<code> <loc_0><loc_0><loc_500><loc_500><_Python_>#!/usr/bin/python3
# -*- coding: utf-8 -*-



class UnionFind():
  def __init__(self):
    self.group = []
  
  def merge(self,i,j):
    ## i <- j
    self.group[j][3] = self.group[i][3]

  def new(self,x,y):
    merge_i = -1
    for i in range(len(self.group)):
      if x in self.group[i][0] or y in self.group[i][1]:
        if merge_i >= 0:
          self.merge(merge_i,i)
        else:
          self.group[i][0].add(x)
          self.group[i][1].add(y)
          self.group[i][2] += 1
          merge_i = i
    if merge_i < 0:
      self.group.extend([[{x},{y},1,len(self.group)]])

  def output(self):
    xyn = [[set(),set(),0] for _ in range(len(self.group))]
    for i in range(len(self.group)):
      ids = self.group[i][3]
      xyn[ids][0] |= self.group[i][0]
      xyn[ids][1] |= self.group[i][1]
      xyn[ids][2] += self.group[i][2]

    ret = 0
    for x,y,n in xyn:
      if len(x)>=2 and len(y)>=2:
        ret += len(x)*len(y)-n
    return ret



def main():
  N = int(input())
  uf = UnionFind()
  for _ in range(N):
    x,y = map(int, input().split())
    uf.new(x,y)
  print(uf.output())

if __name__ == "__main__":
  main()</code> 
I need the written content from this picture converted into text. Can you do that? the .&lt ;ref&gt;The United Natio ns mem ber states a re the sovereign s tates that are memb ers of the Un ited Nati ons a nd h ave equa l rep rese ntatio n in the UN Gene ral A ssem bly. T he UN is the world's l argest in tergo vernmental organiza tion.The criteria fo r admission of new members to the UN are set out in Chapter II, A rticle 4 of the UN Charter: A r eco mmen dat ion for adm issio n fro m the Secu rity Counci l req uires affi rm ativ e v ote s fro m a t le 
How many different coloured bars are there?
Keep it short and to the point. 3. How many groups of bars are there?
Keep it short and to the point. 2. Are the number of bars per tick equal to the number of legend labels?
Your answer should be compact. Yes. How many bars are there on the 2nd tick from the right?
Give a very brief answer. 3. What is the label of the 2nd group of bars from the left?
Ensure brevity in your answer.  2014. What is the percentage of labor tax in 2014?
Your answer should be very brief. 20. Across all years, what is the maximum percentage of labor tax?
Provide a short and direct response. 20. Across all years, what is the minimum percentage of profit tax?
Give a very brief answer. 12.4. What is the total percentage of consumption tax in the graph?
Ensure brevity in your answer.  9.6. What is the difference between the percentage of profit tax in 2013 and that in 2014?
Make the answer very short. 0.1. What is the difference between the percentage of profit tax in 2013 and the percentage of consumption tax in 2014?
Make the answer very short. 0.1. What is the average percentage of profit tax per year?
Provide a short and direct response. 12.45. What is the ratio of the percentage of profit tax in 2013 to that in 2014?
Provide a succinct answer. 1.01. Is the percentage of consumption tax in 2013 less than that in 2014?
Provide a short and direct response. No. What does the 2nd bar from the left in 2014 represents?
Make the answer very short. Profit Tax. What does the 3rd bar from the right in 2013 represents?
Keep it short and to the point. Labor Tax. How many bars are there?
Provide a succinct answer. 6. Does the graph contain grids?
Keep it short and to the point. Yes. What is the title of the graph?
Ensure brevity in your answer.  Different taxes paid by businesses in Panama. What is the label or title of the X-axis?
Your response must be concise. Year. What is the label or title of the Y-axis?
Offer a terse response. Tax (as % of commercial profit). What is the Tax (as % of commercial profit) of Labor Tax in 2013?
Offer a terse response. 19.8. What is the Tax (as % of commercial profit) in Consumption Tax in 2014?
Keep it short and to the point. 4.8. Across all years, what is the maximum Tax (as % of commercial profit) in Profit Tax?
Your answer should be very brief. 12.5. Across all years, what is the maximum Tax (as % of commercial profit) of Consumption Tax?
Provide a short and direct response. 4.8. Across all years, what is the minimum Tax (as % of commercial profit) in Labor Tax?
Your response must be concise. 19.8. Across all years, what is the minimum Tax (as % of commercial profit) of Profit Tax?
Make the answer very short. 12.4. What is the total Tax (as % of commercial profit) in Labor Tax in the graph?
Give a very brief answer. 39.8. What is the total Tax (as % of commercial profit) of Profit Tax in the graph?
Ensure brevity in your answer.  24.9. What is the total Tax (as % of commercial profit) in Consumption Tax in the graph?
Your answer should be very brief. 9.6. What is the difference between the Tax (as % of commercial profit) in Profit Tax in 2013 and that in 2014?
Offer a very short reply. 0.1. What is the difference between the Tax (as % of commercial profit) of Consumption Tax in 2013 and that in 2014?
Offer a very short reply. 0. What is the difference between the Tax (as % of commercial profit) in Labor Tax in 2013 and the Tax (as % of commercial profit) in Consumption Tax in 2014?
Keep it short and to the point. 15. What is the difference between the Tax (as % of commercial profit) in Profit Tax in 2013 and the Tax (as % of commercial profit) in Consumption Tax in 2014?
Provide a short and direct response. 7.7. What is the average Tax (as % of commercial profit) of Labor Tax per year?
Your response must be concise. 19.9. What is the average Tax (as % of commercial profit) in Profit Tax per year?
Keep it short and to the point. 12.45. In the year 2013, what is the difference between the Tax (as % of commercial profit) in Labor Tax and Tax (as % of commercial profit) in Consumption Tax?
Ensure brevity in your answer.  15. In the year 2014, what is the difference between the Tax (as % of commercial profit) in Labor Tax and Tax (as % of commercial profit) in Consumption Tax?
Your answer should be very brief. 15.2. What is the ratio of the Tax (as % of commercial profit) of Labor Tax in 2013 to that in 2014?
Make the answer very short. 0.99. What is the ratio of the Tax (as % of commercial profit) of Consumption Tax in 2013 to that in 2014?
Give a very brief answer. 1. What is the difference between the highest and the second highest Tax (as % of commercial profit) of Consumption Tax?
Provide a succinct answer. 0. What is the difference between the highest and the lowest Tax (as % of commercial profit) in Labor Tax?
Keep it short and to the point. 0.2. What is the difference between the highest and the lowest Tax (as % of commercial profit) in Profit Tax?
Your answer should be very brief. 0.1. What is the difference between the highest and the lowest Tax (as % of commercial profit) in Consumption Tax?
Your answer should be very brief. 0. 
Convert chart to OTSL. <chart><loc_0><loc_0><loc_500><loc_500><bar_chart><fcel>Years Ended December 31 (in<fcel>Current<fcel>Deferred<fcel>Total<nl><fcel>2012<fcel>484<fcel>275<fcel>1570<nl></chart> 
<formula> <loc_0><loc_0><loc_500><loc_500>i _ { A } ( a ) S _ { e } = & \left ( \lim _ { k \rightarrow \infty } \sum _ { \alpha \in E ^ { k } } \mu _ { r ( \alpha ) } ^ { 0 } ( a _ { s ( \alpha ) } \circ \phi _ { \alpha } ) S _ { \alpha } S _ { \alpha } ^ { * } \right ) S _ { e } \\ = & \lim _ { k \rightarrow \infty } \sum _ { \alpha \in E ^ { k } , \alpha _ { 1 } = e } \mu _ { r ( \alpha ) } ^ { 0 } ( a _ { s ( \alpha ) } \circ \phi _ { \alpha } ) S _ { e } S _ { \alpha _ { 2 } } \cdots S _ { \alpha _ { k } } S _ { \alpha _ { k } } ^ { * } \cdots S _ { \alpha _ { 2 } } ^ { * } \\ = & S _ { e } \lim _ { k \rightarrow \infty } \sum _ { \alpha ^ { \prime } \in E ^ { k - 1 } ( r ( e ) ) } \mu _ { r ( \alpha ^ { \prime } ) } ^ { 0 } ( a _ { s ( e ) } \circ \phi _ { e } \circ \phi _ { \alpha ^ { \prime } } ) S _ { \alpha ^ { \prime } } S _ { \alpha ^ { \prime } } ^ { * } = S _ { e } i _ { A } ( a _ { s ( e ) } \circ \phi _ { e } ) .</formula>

→ Exercise objective: Each line above where the word "must" occurs should be returned in full.

→ Result:
Your response must be concise. Year. What is the label or title of the Y-axis?
Your response must be concise. 19.8. Across all years, what is the minimum Tax (as % of commercial profit) of Profit Tax?
Your response must be concise. 19.9. What is the average Tax (as % of commercial profit) in Profit Tax per year?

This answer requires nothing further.